*Required action*
Please restate each line of the material word for word and omit any pictures.
[Start of Attachment]
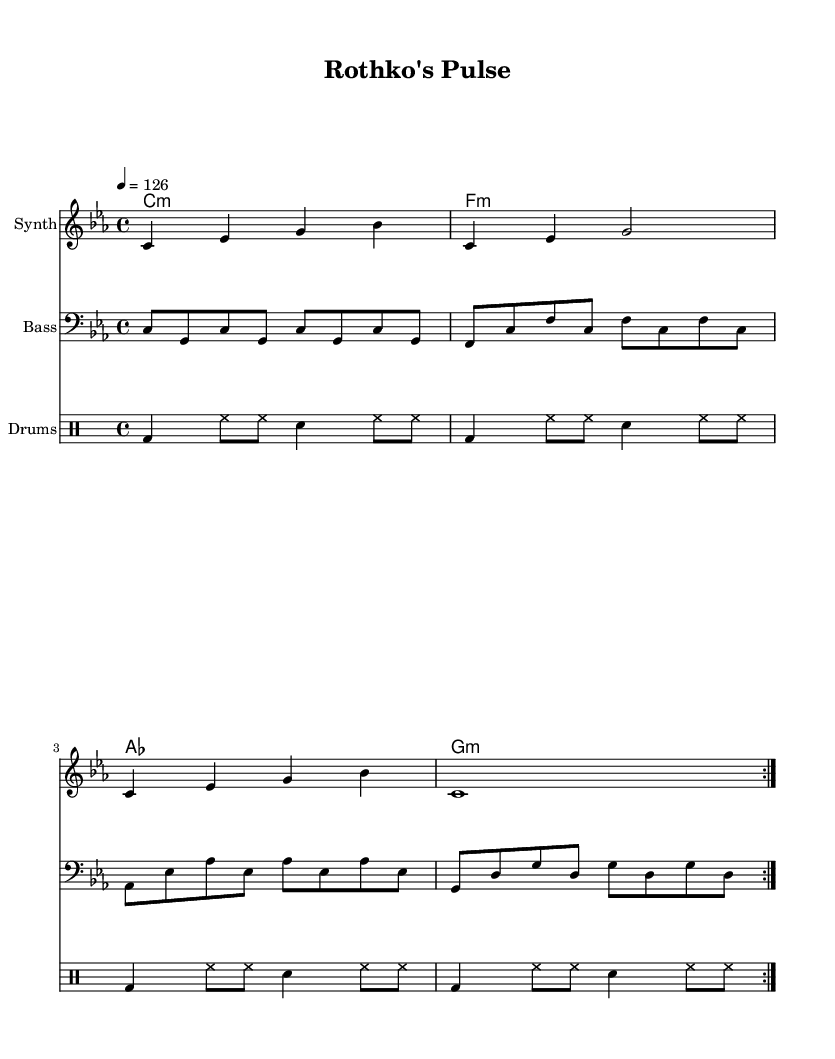What is the key signature of this music? The key signature is C minor, which includes three flats: B flat, E flat, and A flat.
Answer: C minor What is the time signature of this piece? The time signature is 4/4, which indicates four beats per measure and a quarter note gets one beat.
Answer: 4/4 What is the tempo marking specified in the music? The tempo is indicated as "4 = 126," meaning the piece should be played at a speed of 126 quarter notes per minute.
Answer: 126 How many bars are repeated in the synth part? The synth part has two bars that are repeated, as marked by the "repeat volta 2" directive.
Answer: 2 What type of chord is used in the first measure? The chord in the first measure is a C minor chord, as indicated by the chord symbol "c:m."
Answer: C minor Which instrument plays the bass line? The bass line is played by the instrument labeled as "Bass," which is indicated in the music staff.
Answer: Bass How many distinct sections are in the drum part? The drum part consists of a single section that is repeated four times, marked by the "repeat volta 2" directive, making it effectively one unique section.
Answer: 1
[End of Attachment]
*Answer to the exercise*
What is the key signature of this music? The key signature is C minor, which includes three flats: B flat, E flat, and A flat.
Answer: C minor What is the time signature of this piece? The time signature is 4/4, which indicates four beats per measure and a quarter note gets one beat.
Answer: 4/4 What is the tempo marking specified in the music? The tempo is indicated as "4 = 126," meaning the piece should be played at a speed of 126 quarter notes per minute.
Answer: 126 How many bars are repeated in the synth part? The synth part has two bars that are repeated, as marked by the "repeat volta 2" directive.
Answer: 2 What type of chord is used in the first measure? The chord in the first measure is a C minor chord, as indicated by the chord symbol "c:m."
Answer: C minor Which instrument plays the bass line? The bass line is played by the instrument labeled as "Bass," which is indicated in the music staff.
Answer: Bass How many distinct sections are in the drum part? The drum part consists of a single section that is repeated four times, marked by the "repeat volta 2" directive, making it effectively one unique section.
Answer: 1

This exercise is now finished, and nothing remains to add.